More than 3,400 Somalis have sought refuge in Kenya in the last three weeks, bringing the tally to almost 25,000 since the beginning of the year. It appears that as the UIC gains further ground in Somalia, there is a corresponding increase in attacks on Somali Christians in Kenya by UIC supporters. According to local sources, there are 'many proxy representatives of the Islamic Shari'ah Courts in Nairobi'.CSW, September 29, 2006
Muslims beat a suspected Christian convert from Islam unconscious with iron rods and wooden clubs. Stripping him naked and dragging his bleeding body to a church, they leave him for dead
Hassan, a 25-year-old refugee from Somalia whose surname is withheld for security reasons, had hardly been raised as a Muslim, having received Christ at age 7. But the Somali neighbors in Kenya who attacked him left him for dead on Oct. 27, bleeding and naked, on the assumption that as a Somali he was born into Islam and was therefore an apostate deserving of death, the young man told Compass.
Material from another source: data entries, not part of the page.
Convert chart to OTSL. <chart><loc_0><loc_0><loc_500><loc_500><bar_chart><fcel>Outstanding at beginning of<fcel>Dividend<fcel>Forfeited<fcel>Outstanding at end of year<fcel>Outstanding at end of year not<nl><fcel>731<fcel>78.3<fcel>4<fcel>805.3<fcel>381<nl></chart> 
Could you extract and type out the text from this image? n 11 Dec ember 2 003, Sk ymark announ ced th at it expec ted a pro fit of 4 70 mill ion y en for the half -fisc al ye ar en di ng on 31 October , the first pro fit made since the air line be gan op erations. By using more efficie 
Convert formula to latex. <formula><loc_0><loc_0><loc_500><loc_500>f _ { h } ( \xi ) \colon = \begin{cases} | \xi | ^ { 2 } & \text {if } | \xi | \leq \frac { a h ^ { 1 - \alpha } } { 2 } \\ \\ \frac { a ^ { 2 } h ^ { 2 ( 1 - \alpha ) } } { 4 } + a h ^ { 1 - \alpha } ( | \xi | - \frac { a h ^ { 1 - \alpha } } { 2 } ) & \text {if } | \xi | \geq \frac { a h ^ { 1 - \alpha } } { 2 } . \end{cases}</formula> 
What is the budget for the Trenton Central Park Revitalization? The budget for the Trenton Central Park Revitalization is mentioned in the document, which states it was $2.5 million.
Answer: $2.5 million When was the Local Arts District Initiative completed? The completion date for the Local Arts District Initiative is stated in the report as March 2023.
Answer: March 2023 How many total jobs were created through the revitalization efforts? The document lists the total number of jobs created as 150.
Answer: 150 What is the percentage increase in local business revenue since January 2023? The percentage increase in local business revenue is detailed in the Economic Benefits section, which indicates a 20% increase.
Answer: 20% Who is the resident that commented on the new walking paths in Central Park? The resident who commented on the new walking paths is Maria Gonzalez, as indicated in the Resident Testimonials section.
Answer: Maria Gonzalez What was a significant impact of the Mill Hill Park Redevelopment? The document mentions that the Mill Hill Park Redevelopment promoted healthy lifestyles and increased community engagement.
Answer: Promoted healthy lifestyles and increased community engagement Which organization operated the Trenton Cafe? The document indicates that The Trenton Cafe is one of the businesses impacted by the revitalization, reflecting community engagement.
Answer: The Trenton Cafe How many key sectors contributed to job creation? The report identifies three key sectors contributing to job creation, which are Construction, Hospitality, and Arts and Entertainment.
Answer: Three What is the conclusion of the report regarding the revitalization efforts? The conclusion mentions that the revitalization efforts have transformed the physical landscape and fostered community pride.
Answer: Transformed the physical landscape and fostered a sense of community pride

He and his mother, a convert from Islam who fled war in Somalia 10 years ago after the death of her husband, are part of an underground house church.
In a town in Kenya undisclosed for security reasons, Hassan was returning home from running errands at 8:30 p.m. when the six young Muslim men stopped him. They hit him with a metal bar on his forehead and face, he said, and he lost two teeth on the spot. Others hit him on the back.
Some stomped on his stomach while he was on the ground as others hit him on his legs, he said through bandages on his nose and above his mouth. His hands were bandaged where they wounded him with a knife.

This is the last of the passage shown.